## Prompt
Your answer must consist solely of the lines from the start of the entries below through the line with "Answer yes or no. No. Is Pale Green the roughest?", unchanged.

## Provided entries

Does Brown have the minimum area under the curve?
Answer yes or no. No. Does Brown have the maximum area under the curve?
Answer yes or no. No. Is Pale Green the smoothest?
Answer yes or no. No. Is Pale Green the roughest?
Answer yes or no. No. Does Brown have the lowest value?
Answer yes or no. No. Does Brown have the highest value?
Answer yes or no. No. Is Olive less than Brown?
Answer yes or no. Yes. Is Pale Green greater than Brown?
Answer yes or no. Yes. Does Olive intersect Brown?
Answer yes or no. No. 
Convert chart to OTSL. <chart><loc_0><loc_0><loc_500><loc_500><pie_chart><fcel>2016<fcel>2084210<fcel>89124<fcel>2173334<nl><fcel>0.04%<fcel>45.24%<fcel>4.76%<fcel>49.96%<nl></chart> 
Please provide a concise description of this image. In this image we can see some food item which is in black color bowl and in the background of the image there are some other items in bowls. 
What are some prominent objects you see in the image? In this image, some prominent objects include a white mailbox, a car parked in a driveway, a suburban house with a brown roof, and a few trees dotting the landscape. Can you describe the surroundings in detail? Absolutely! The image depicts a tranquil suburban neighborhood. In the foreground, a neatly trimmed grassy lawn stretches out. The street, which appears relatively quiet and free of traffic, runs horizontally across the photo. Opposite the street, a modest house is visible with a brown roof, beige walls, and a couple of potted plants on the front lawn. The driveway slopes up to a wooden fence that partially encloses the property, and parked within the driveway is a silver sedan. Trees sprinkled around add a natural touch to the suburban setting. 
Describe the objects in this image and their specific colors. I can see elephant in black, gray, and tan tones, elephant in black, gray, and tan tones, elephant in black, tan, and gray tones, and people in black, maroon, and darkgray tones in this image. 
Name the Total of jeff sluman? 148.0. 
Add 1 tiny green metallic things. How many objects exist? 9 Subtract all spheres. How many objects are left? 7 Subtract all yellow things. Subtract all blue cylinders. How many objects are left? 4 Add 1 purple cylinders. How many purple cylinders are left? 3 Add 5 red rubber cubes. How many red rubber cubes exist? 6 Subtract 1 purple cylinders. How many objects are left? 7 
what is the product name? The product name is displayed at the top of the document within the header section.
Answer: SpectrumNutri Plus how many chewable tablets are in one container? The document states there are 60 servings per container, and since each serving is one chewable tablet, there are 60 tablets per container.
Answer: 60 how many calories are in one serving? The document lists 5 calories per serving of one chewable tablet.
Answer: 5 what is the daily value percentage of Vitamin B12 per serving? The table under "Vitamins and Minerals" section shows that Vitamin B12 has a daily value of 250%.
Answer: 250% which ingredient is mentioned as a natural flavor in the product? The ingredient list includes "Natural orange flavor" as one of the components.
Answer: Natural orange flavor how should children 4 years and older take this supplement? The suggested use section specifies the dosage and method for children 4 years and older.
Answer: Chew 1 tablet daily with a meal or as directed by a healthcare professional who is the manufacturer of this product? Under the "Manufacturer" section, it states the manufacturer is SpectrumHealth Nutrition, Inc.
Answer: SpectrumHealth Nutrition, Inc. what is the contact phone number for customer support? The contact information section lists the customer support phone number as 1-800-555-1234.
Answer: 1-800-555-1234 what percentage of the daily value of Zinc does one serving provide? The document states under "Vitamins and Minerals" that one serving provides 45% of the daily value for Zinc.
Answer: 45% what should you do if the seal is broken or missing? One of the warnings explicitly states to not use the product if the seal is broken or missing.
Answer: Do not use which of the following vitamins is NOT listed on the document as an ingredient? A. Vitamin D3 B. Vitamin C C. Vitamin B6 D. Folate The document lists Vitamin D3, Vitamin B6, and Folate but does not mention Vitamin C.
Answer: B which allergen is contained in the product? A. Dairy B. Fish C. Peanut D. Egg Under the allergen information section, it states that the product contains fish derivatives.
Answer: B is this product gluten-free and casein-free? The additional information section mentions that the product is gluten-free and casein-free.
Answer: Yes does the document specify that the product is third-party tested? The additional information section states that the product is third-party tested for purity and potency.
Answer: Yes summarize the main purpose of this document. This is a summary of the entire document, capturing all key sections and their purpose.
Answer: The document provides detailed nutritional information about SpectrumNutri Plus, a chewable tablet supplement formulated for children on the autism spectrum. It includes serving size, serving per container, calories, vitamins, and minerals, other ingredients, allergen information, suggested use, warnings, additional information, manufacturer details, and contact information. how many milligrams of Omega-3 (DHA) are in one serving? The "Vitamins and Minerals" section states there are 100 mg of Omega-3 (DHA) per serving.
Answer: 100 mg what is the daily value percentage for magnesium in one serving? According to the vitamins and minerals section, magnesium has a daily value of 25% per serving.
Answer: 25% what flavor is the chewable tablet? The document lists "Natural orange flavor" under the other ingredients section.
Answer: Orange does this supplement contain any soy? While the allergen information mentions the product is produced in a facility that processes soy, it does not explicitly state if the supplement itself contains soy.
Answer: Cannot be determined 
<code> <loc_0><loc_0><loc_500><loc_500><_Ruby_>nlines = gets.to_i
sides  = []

## Task answer
Does Brown have the minimum area under the curve?
Answer yes or no. No. Does Brown have the maximum area under the curve?
Answer yes or no. No. Is Pale Green the smoothest?
Answer yes or no. No. Is Pale Green the roughest?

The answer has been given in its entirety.